A couple of weeks ago, I went to see a new Orthopedist for my fat foot. My left foot has been swollen since last October, with no apparent injury and only intermittent pain. I’ve had a few different diagnosis, ranging from stress-fracture to severe sprain. Tried wearing the boot of shame, acupuncture, physical therapy, heat, ice, you name it. Pretty sure this is just another fun benefit of MS. Random shit that doesn’t make any sense at all. I digress. This new doctor, likely younger than me, was from Alliance, did some of his internship in Chadron, we knew some of the same people. We talked about the meds I’m on. He said “I’m going to assume with your pale skin, red hair, freckles, green eyes and MS, you already are on a vitamin D supplement?”.
Oh, yes. Vitamin D, magnesium, calcium, B+ Complex (only when I’m feeling shitty), multi-vitamin.
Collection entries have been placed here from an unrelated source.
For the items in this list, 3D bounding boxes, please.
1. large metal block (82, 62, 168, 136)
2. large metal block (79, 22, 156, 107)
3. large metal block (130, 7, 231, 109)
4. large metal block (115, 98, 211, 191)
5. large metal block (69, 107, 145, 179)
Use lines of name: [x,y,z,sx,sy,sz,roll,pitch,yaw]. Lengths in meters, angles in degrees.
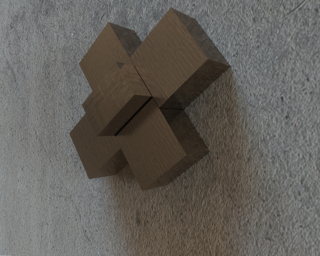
large metal block: [-0.039,-0.033,0.400,0.080,0.081,0.050,-44,64,31]
large metal block: [-0.059,-0.085,0.435,0.080,0.050,0.080,-44,64,31]
large metal block: [0.022,-0.079,0.370,0.080,0.050,0.080,-44,64,31]
large metal block: [0.001,0.020,0.386,0.080,0.050,0.080,-44,64,31]
large metal block: [-0.077,0.017,0.451,0.080,0.050,0.080,-44,64,31]
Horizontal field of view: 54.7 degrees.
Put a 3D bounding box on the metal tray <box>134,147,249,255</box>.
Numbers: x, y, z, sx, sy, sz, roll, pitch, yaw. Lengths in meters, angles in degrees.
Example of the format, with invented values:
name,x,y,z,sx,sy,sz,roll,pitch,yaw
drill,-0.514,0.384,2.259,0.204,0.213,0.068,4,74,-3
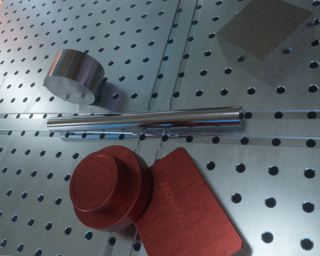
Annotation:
name,x,y,z,sx,sy,sz,roll,pitch,yaw
metal tray,0.021,0.095,0.335,0.090,0.030,0.130,-35,52,4

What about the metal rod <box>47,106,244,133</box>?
name,x,y,z,sx,sy,sz,roll,pitch,yaw
metal rod,-0.038,-0.009,0.432,0.301,0.025,0.025,-2,61,26

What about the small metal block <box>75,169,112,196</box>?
name,x,y,z,sx,sy,sz,roll,pitch,yaw
small metal block,-0.085,0.074,0.406,0.050,0.025,0.050,-19,54,16

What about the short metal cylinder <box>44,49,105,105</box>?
name,x,y,z,sx,sy,sz,roll,pitch,yaw
short metal cylinder,-0.134,-0.079,0.489,0.080,0.080,0.050,1,62,28

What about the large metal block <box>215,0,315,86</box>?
name,x,y,z,sx,sy,sz,roll,pitch,yaw
large metal block,0.133,-0.113,0.392,0.080,0.050,0.080,-43,51,-2

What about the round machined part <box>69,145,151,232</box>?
name,x,y,z,sx,sy,sz,roll,pitch,yaw
round machined part,-0.063,0.065,0.351,0.098,0.042,0.098,-15,58,26
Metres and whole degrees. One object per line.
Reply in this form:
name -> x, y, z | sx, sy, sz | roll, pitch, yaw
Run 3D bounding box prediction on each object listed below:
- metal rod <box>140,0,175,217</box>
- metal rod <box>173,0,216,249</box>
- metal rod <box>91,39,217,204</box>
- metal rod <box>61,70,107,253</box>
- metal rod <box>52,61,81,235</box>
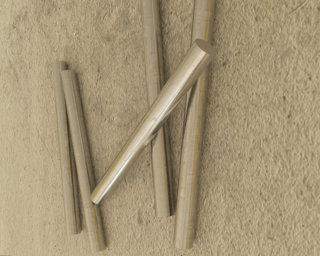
metal rod -> -0.004, -0.037, 0.408 | 0.025, 0.025, 0.298 | -7, 86, 40
metal rod -> 0.041, -0.005, 0.371 | 0.025, 0.025, 0.298 | 8, 95, 40
metal rod -> -0.026, 0.015, 0.395 | 0.025, 0.025, 0.298 | 57, 132, 24
metal rod -> -0.127, 0.048, 0.510 | 0.025, 0.025, 0.299 | -20, 77, 38
metal rod -> -0.164, 0.031, 0.540 | 0.025, 0.025, 0.298 | -11, 83, 39
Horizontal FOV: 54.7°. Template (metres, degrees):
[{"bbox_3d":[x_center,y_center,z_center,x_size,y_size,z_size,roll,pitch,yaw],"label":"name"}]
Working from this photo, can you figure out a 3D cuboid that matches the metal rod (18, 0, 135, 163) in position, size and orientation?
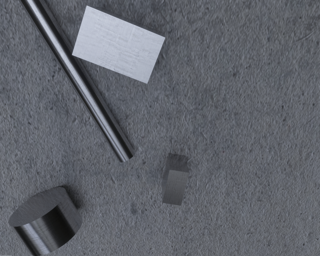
[{"bbox_3d":[-0.113,-0.085,0.376,0.025,0.025,0.299,-26,108,9],"label":"metal rod"}]

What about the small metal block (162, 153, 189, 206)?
[{"bbox_3d":[0.020,0.069,0.422,0.025,0.050,0.050,10,110,-4],"label":"small metal block"}]

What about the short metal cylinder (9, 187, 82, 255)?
[{"bbox_3d":[-0.155,0.126,0.425,0.080,0.080,0.050,-21,109,7],"label":"short metal cylinder"}]

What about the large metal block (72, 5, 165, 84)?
[{"bbox_3d":[-0.042,-0.095,0.345,0.080,0.080,0.050,20,109,-8],"label":"large metal block"}]
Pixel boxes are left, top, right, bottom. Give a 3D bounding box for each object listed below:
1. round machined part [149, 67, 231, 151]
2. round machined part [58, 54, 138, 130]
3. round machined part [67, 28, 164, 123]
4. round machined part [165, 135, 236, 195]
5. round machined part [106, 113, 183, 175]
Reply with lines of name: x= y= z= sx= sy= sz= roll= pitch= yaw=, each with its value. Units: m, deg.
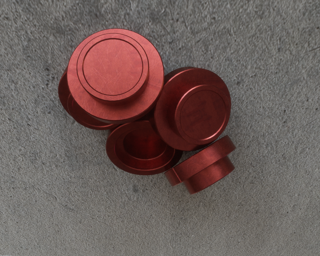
round machined part: x=0.040 y=-0.019 z=0.353 sx=0.099 sy=0.042 sz=0.097 roll=-6 pitch=108 yaw=-20
round machined part: x=-0.071 y=-0.036 z=0.368 sx=0.099 sy=0.042 sz=0.097 roll=-1 pitch=130 yaw=0
round machined part: x=-0.045 y=-0.055 z=0.312 sx=0.099 sy=0.097 sz=0.042 roll=1 pitch=172 yaw=-1
round machined part: x=0.058 y=0.052 z=0.407 sx=0.098 sy=0.099 sz=0.042 roll=-35 pitch=81 yaw=26
round machined part: x=-0.020 y=0.015 z=0.410 sx=0.099 sy=0.042 sz=0.097 roll=-1 pitch=130 yaw=0

These supplements are in addition to the Copaxone, Synthroid, Fluticasone, Allegra, and Zoloft. I’m 36 years old and have not one, but two, day of the week pill holders. I also have my injection kit. I’m 36 going on 80.
But, it seems to be working, all of this. Granted, it’s not all for my MS. The Fluticasone and Allegra are for my allergies, but when I’m talking allergy medicine, I feel like my MS symptoms subside a little too. The Synthroid is for my Hypothyroid, which I kind of put on the back burner with this new disease diagnosis. I had a blood draw two weeks ago and my levels were way off so I had to have my meds adjusted. I guess I need to remember to keep on top of the thyroid situation, in addition to my MS. Both conditions can cause cognitive impairment. Cog Fog, as those of us with MS like to call it. So, having to try to remember all of this is difficult. I survive on post-it notes and phone reminders. Again, 36 going on 80. The Cog Fog is really the only symptom I’m having right now though, and it’s not really that bad. Dealing with me is sort of like dealing with someone who is ADD. Squirrel!
In fact, I can’t even remember why I titled this post “Love and Other Drugs”. Obviously I had a direction planned and have been interrupted so many times while typing this, that I honestly can’t remember. This happens, I’m getting used to it. I should have written it down on a post-it note or something, but I can’t find my pen.